Dataset extract:
——

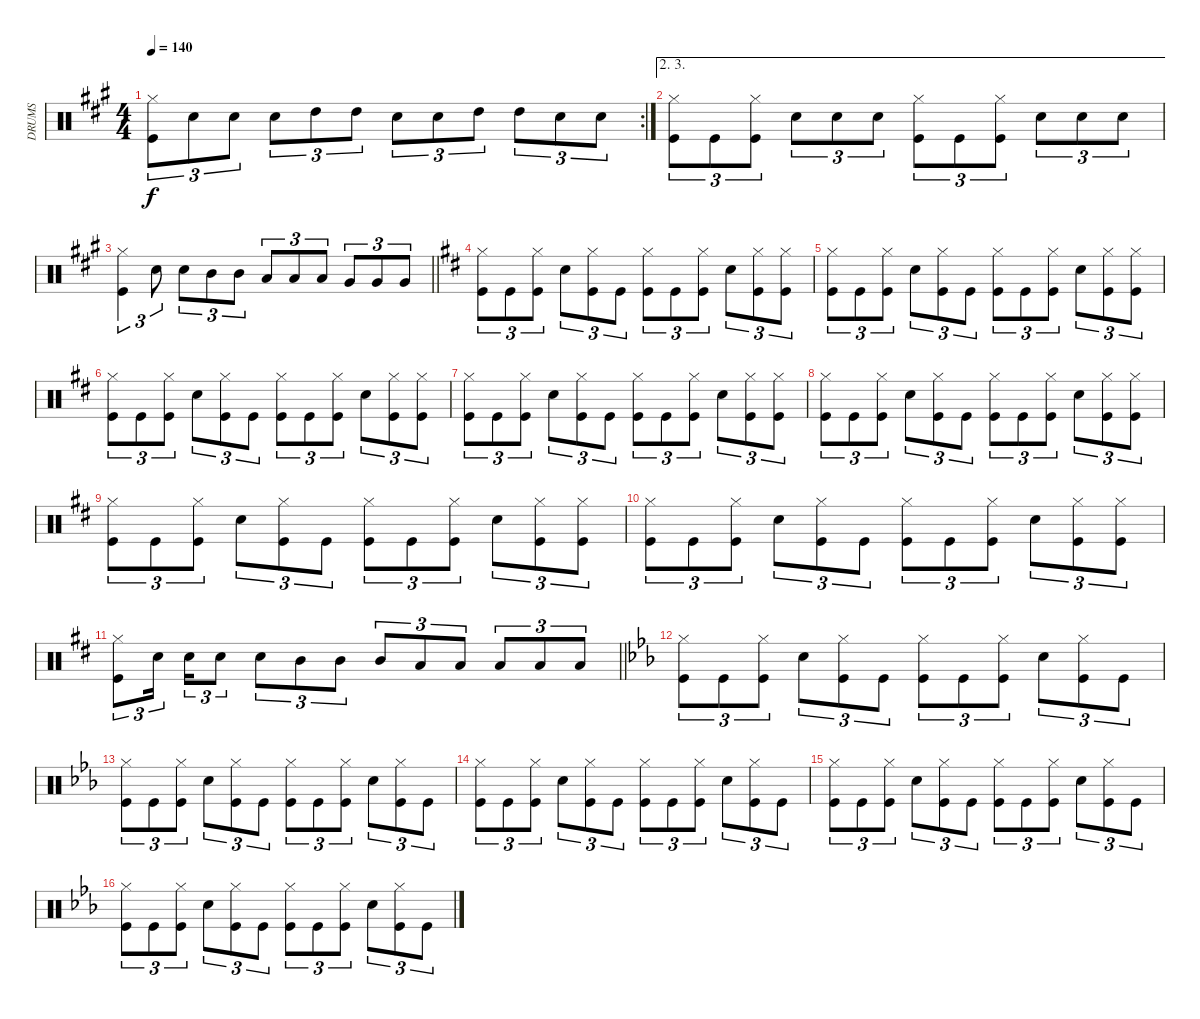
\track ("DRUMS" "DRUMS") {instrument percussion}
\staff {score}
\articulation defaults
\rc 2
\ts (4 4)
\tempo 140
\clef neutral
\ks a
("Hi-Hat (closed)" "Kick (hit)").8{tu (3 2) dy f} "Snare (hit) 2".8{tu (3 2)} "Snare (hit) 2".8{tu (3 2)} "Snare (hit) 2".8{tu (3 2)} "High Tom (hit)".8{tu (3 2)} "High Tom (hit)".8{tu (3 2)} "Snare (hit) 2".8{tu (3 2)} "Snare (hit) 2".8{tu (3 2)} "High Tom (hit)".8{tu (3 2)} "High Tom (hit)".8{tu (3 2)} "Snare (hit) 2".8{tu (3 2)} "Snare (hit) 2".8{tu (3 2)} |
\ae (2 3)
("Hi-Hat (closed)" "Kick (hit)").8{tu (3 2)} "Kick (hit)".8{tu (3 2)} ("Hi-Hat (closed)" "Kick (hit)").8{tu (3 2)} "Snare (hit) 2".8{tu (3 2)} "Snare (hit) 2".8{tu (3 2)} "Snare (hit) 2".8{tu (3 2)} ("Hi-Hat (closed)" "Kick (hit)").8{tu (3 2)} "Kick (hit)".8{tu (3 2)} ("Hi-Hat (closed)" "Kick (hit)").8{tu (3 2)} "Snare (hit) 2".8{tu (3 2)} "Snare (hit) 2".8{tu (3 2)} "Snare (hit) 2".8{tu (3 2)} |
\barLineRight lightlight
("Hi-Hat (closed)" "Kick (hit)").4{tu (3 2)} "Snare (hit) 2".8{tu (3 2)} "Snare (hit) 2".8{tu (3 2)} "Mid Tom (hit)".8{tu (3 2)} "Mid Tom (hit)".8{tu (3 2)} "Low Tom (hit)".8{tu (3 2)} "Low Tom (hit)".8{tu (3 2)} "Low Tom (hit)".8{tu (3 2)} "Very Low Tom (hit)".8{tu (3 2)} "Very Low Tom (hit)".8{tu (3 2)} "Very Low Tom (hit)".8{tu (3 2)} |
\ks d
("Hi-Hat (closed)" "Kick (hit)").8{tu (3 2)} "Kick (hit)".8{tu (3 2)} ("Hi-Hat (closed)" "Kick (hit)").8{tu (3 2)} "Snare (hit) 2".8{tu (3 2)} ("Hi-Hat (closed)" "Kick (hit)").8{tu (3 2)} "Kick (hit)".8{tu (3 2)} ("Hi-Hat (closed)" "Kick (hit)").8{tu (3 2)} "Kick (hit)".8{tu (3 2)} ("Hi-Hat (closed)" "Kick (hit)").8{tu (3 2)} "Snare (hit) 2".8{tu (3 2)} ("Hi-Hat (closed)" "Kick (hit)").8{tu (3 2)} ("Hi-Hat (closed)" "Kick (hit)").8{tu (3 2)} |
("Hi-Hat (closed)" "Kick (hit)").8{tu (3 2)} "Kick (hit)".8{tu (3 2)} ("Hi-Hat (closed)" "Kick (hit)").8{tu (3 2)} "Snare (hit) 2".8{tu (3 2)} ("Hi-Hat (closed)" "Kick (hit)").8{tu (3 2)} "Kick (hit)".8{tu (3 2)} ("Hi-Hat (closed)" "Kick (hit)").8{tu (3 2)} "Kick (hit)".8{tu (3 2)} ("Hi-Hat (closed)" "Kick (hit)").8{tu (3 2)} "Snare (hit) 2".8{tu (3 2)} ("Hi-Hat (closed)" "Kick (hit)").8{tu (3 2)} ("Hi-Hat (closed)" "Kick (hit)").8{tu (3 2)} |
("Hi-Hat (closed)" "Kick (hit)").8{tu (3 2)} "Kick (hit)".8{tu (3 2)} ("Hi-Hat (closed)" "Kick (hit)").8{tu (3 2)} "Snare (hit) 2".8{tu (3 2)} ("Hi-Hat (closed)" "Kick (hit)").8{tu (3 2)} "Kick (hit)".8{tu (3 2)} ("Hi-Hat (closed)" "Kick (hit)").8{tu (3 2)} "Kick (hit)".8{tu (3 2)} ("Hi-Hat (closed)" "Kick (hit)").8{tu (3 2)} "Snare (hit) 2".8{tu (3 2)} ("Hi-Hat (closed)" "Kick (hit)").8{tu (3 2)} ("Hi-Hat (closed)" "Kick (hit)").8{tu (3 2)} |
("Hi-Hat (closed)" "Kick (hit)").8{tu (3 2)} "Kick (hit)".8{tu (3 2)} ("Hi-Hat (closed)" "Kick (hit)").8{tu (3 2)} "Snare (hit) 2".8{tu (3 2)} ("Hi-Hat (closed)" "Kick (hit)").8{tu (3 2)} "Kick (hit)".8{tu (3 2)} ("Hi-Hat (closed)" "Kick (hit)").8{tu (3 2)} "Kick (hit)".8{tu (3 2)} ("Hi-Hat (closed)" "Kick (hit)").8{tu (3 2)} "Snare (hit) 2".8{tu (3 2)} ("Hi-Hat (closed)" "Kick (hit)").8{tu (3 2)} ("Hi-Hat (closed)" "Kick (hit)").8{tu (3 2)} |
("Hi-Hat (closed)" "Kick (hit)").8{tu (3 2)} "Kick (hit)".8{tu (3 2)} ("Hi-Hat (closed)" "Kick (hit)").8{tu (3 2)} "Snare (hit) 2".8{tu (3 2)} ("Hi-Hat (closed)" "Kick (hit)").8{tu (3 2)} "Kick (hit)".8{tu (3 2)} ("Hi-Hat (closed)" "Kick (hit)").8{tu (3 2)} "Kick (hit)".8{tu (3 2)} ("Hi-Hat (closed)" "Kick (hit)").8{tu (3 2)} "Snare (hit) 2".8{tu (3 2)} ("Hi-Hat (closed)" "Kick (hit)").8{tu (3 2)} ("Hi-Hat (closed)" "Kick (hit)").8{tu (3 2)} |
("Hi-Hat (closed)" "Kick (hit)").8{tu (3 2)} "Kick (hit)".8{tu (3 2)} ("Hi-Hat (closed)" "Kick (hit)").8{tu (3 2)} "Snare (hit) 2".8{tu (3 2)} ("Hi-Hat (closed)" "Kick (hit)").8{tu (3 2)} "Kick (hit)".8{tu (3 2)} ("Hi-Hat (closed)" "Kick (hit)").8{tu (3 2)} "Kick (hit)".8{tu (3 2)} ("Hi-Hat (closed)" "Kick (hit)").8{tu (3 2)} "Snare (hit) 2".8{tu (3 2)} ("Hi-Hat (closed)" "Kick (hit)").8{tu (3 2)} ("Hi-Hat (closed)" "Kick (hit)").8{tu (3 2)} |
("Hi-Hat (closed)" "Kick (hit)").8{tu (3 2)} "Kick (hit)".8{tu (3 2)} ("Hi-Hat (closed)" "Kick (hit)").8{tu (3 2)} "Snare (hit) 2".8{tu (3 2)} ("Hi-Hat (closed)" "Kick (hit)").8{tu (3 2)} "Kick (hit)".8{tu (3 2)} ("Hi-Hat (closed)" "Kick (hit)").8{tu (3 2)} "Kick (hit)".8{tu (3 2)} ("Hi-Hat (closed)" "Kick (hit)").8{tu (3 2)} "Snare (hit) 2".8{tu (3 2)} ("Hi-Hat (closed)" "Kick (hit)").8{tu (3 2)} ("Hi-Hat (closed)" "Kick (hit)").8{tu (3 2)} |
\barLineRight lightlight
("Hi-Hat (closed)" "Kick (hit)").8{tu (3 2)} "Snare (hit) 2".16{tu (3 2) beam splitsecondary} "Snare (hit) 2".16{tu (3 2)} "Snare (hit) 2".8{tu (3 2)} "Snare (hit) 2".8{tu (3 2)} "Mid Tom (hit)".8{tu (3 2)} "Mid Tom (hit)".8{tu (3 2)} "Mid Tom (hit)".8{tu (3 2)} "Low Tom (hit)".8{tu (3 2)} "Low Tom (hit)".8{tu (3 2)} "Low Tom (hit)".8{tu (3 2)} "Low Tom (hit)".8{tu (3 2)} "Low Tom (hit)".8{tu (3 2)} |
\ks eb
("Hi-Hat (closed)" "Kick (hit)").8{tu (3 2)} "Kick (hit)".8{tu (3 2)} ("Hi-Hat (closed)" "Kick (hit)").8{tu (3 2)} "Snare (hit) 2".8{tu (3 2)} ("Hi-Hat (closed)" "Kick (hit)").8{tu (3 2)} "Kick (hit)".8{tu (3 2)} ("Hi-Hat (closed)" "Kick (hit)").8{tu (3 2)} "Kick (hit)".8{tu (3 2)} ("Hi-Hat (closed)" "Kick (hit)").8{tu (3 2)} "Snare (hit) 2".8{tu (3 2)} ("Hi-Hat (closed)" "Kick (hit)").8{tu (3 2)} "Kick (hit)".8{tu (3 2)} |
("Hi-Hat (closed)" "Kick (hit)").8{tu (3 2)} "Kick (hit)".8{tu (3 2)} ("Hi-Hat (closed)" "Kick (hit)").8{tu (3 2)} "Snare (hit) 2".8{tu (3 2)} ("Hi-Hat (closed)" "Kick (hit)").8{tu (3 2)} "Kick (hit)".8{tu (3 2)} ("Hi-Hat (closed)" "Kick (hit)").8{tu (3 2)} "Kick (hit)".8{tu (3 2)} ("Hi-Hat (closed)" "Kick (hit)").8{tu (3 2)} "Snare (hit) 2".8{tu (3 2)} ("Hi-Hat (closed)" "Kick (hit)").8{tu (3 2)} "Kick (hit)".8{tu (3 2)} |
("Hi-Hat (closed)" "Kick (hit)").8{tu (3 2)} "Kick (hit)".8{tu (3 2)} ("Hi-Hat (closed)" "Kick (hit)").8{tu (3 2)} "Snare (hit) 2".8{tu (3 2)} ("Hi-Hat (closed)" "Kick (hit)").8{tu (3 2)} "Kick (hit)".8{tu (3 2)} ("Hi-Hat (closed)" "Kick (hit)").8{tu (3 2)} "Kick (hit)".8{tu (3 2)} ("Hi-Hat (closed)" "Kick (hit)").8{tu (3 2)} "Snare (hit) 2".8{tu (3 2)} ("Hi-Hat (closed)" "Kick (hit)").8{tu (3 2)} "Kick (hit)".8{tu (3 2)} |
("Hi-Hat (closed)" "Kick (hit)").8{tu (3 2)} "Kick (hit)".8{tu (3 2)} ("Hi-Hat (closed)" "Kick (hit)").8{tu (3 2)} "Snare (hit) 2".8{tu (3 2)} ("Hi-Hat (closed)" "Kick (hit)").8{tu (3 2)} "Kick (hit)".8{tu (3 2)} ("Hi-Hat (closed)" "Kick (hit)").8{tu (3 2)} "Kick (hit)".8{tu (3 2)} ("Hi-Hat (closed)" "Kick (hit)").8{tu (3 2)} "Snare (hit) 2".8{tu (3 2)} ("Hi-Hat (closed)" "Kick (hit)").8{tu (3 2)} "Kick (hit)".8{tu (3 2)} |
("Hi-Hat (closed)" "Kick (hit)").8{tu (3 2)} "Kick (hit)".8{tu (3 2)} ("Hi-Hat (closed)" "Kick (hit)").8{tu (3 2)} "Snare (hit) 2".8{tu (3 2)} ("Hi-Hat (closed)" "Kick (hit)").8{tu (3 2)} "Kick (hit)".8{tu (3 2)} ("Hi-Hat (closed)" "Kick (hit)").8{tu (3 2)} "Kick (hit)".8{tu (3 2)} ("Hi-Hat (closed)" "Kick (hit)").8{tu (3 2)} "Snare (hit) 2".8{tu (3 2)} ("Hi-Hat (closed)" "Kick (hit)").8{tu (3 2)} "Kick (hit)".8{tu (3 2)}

——

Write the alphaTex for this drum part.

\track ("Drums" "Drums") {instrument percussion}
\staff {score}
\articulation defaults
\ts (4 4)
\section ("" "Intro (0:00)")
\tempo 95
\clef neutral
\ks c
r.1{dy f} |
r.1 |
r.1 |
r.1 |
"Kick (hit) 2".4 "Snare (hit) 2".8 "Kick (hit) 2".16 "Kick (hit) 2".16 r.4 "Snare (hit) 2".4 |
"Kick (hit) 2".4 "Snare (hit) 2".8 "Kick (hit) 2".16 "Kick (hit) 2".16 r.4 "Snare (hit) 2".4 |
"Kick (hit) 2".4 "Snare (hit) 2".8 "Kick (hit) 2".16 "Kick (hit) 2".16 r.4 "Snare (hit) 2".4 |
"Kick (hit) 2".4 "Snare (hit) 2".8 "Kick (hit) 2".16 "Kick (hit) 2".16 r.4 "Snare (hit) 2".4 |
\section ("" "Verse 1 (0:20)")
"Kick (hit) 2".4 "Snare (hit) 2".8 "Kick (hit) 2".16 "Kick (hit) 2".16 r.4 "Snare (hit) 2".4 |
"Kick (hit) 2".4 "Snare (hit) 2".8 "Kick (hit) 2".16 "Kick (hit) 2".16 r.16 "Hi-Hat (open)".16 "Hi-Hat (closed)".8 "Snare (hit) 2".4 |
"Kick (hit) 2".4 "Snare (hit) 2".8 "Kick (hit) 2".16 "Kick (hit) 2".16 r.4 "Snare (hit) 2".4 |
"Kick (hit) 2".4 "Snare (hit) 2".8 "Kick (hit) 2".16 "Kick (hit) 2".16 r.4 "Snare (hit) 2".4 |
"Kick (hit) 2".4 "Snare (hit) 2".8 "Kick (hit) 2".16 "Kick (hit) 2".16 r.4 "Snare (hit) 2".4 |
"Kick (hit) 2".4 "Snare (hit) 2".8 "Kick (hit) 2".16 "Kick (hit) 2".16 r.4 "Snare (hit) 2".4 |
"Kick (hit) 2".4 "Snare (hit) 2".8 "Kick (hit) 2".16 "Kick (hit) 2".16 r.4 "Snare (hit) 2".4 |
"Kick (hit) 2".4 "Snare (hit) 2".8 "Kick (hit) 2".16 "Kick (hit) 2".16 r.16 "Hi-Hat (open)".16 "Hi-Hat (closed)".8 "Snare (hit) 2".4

——

Instructions to follow: Looking at the entries above, how many lines contain "section"? State the number and nothing more.

Worked solution: 2